[Stored records]
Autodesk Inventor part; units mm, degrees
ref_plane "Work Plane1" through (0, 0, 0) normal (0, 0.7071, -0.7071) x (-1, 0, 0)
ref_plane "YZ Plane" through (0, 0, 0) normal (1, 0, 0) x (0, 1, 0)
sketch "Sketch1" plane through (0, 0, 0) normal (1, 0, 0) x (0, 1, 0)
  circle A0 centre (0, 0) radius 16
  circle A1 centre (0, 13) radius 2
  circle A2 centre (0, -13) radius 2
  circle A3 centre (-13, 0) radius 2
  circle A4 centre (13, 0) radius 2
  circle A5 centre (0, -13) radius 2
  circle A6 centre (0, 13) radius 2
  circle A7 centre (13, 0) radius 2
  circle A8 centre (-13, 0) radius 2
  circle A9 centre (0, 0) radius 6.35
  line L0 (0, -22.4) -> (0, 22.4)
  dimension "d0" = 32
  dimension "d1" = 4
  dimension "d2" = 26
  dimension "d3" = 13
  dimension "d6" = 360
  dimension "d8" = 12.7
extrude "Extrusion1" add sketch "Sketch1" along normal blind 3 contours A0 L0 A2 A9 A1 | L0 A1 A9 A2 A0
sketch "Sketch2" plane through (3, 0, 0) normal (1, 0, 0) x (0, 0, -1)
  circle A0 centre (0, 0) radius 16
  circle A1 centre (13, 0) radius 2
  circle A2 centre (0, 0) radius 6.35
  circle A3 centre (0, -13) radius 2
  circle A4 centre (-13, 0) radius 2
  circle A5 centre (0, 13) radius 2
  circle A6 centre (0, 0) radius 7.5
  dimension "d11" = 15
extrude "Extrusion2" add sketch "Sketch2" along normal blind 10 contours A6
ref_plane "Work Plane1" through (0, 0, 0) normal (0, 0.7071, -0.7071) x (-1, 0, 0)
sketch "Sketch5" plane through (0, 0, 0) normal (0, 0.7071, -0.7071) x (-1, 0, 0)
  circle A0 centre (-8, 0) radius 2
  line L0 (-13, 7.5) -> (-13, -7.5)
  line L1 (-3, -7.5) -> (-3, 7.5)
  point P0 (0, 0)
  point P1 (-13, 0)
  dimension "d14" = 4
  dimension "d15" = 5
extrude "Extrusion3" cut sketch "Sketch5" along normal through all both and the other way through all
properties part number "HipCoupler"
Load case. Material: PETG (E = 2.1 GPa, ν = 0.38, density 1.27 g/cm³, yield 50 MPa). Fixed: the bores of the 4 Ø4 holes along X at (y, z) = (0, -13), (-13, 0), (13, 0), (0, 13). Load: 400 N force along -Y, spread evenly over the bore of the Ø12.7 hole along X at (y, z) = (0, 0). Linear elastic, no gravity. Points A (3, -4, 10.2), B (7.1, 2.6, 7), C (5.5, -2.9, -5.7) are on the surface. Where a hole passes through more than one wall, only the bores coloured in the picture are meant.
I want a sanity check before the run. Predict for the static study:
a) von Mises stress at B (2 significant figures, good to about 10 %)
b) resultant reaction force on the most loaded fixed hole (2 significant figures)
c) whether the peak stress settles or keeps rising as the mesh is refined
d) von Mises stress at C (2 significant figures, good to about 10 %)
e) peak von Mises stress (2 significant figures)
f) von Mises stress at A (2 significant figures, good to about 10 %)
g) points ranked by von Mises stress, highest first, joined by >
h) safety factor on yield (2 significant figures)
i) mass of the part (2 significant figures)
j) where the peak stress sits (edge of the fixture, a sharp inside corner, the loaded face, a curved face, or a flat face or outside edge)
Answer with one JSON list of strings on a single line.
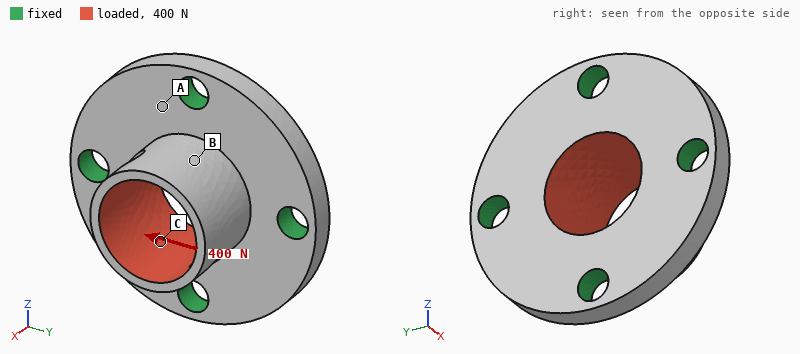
["11 MPa", "150 N", "settles", "17 MPa", "36 MPa", "3.2 MPa", "C > B > A", "1.4", "3.0 g", "the loaded face"]
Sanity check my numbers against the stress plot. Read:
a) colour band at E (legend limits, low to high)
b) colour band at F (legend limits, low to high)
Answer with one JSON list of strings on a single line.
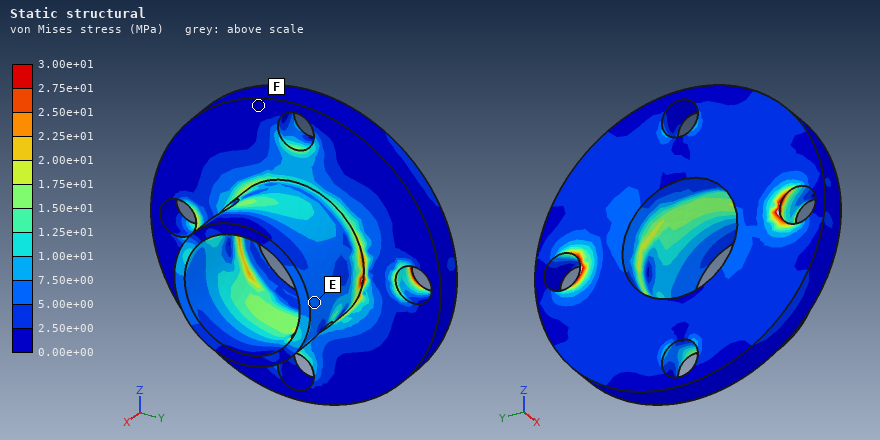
["5.00e+00 to 7.50e+00 MPa", "0.00e+00 to 2.50e+00 MPa"]
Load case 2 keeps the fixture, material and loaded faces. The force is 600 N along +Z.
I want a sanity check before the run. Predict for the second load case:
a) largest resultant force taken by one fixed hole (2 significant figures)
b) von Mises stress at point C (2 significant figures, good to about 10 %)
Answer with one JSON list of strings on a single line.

["220 N", "16 MPa"]
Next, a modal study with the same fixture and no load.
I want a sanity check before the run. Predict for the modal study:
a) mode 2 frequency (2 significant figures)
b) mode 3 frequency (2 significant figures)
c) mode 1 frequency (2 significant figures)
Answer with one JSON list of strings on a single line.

["7000 Hz", "7700 Hz", "6700 Hz"]

* **TASK DESCRIPTION**:
Type the entries again verbatim. Any pictures should be skipped.

* **EXERCISE OUTPUT**:
Autodesk Inventor part; units mm, degrees
ref_plane "Work Plane1" through (0, 0, 0) normal (0, 0.7071, -0.7071) x (-1, 0, 0)
ref_plane "YZ Plane" through (0, 0, 0) normal (1, 0, 0) x (0, 1, 0)
sketch "Sketch1" plane through (0, 0, 0) normal (1, 0, 0) x (0, 1, 0)
  circle A0 centre (0, 0) radius 16
  circle A1 centre (0, 13) radius 2
  circle A2 centre (0, -13) radius 2
  circle A3 centre (-13, 0) radius 2
  circle A4 centre (13, 0) radius 2
  circle A5 centre (0, -13) radius 2
  circle A6 centre (0, 13) radius 2
  circle A7 centre (13, 0) radius 2
  circle A8 centre (-13, 0) radius 2
  circle A9 centre (0, 0) radius 6.35
  line L0 (0, -22.4) -> (0, 22.4)
  dimension "d0" = 32
  dimension "d1" = 4
  dimension "d2" = 26
  dimension "d3" = 13
  dimension "d6" = 360
  dimension "d8" = 12.7
extrude "Extrusion1" add sketch "Sketch1" along normal blind 3 contours A0 L0 A2 A9 A1 | L0 A1 A9 A2 A0
sketch "Sketch2" plane through (3, 0, 0) normal (1, 0, 0) x (0, 0, -1)
  circle A0 centre (0, 0) radius 16
  circle A1 centre (13, 0) radius 2
  circle A2 centre (0, 0) radius 6.35
  circle A3 centre (0, -13) radius 2
  circle A4 centre (-13, 0) radius 2
  circle A5 centre (0, 13) radius 2
  circle A6 centre (0, 0) radius 7.5
  dimension "d11" = 15
extrude "Extrusion2" add sketch "Sketch2" along normal blind 10 contours A6
ref_plane "Work Plane1" through (0, 0, 0) normal (0, 0.7071, -0.7071) x (-1, 0, 0)
sketch "Sketch5" plane through (0, 0, 0) normal (0, 0.7071, -0.7071) x (-1, 0, 0)
  circle A0 centre (-8, 0) radius 2
  line L0 (-13, 7.5) -> (-13, -7.5)
  line L1 (-3, -7.5) -> (-3, 7.5)
  point P0 (0, 0)
  point P1 (-13, 0)
  dimension "d14" = 4
  dimension "d15" = 5
extrude "Extrusion3" cut sketch "Sketch5" along normal through all both and the other way through all
properties part number "HipCoupler"
Load case. Material: PETG (E = 2.1 GPa, ν = 0.38, density 1.27 g/cm³, yield 50 MPa). Fixed: the bores of the 4 Ø4 holes along X at (y, z) = (0, -13), (-13, 0), (13, 0), (0, 13). Load: 400 N force along -Y, spread evenly over the bore of the Ø12.7 hole along X at (y, z) = (0, 0). Linear elastic, no gravity. Points A (3, -4, 10.2), B (7.1, 2.6, 7), C (5.5, -2.9, -5.7) are on the surface. Where a hole passes through more than one wall, only the bores coloured in the picture are meant.
I want a sanity check before the run. Predict for the static study:
a) von Mises stress at B (2 significant figures, good to about 10 %)
b) resultant reaction force on the most loaded fixed hole (2 significant figures)
c) whether the peak stress settles or keeps rising as the mesh is refined
d) von Mises stress at C (2 significant figures, good to about 10 %)
e) peak von Mises stress (2 significant figures)
f) von Mises stress at A (2 significant figures, good to about 10 %)
g) points ranked by von Mises stress, highest first, joined by >
h) safety factor on yield (2 significant figures)
i) mass of the part (2 significant figures)
j) where the peak stress sits (edge of the fixture, a sharp inside corner, the loaded face, a curved face, or a flat face or outside edge)
Answer with one JSON list of strings on a single line.
["11 MPa", "150 N", "settles", "17 MPa", "36 MPa", "3.2 MPa", "C > B > A", "1.4", "3.0 g", "the loaded face"]
Sanity check my numbers against the stress plot. Read:
a) colour band at E (legend limits, low to high)
b) colour band at F (legend limits, low to high)
Answer with one JSON list of strings on a single line.
["5.00e+00 to 7.50e+00 MPa", "0.00e+00 to 2.50e+00 MPa"]
Load case 2 keeps the fixture, material and loaded faces. The force is 600 N along +Z.
I want a sanity check before the run. Predict for the second load case:
a) largest resultant force taken by one fixed hole (2 significant figures)
b) von Mises stress at point C (2 significant figures, good to about 10 %)
Answer with one JSON list of strings on a single line.

["220 N", "16 MPa"]
Next, a modal study with the same fixture and no load.
I want a sanity check before the run. Predict for the modal study:
a) mode 2 frequency (2 significant figures)
b) mode 3 frequency (2 significant figures)
c) mode 1 frequency (2 significant figures)
Answer with one JSON list of strings on a single line.

["7000 Hz", "7700 Hz", "6700 Hz"]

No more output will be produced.